# Solved: Dreamweaver CS3 trial failure



## Sammeh_Boy (Aug 9, 2005)

I've downloaded the Adobe Dreamweaver CS3 trial 3 times, installed it 5 times, and decided that neither of those is going to help the problem. When I click on the newly installed application to run, it hangs on startup, now, as it took quite a while to install, I figured this may take quite a while to start. I left it for a few minutes and it still sat there on 'Initializing files'.

This happens every time, and I've decided to try seek out some help. Those of you with any knowledge or advice, it would be much appreciated.

thanks,
sam


----------



## Guybrush (Feb 24, 2002)

This happened to me once. I am still not sure if that is the reason, but when i removed sun java from the system, DW which was running like a snail earlier, suddenly started working like a champ.


----------



## Sammeh_Boy (Aug 9, 2005)

I'll try it and let you know how it works out. thanks 

EDIT: Tried it, but it still didnt work  was worth a shot though 
I guess i'll just leave it and try it again in a months time or so


----------



## support.clpafs (Apr 7, 2008)

Well now if you try it in a month from now, It does not nescisarily mean that it will work, you "may" run into the same problems again.

I suggest going to adobe.com and looking at the documentation provided for dreamweaver.

Also the documentation can be found in the folder that was extracted to your desktop at the time of installation.

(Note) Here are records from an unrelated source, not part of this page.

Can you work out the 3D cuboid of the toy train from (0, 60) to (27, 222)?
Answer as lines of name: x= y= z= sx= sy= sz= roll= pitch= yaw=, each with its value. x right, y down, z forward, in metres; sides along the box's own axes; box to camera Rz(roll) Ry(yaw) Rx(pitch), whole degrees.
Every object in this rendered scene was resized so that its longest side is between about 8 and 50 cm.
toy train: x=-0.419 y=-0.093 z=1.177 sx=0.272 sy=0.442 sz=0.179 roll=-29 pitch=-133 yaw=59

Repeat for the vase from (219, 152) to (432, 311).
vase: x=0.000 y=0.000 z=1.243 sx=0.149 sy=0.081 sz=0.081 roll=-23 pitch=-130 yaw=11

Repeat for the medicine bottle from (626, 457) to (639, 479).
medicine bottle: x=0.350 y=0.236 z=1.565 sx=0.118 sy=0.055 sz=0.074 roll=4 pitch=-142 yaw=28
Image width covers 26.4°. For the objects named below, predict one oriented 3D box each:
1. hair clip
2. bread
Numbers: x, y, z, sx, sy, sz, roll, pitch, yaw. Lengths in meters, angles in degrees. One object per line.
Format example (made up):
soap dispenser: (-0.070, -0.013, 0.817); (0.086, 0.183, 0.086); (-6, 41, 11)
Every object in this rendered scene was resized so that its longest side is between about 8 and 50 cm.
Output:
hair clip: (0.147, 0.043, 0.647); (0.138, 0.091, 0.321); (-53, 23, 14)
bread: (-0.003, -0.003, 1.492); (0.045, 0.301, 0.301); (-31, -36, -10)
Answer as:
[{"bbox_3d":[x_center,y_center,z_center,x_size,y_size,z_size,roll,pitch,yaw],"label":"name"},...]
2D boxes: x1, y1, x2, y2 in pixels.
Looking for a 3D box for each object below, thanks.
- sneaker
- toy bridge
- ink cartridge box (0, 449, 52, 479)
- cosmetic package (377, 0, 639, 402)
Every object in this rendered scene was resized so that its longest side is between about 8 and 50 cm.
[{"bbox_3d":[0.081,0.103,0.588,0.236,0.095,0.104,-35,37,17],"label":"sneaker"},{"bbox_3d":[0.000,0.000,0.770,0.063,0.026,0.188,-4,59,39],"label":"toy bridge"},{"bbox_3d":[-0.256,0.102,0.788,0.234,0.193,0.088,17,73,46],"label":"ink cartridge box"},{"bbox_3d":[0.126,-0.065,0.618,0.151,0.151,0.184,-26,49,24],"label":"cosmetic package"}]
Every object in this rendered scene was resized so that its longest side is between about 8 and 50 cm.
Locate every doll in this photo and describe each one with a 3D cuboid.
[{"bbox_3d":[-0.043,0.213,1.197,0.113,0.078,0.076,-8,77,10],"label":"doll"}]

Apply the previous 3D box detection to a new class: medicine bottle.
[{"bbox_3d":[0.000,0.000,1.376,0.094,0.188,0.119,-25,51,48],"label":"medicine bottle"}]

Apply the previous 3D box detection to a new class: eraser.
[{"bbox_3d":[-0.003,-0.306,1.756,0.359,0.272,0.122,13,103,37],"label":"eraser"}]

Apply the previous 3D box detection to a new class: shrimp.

Hope I can be of futher assistance.
-Thanks


----------



## Sammeh_Boy (Aug 9, 2005)

I googled to find if anybody had been suffering from the same problem as myself. I'd done this in the past, but i put a more detailed search in and found that it was clashing with Acer eData Security Management. After uninstalling this software, seeing as I don't use it anyway. Dreamweaver opened correctly


----------



## TechGuy (Feb 12, 1999)

Thanks for reporting back with your solution! :up:


----------



## TheRobatron (Oct 25, 2007)

Sammeh_Boy said:


> I googled to find if anybody had been suffering from the same problem as myself. I'd done this in the past, but i put a more detailed search in and found that it was clashing with Acer eData Security Management. After uninstalling this software, seeing as I don't use it anyway. Dreamweaver opened correctly


I've had problems with Acer eData Security Management - I really don't see the point in it as I never use it, and it crashes every 5 minutes. Thanks for posting the solution I'll remember this for any future problems


----------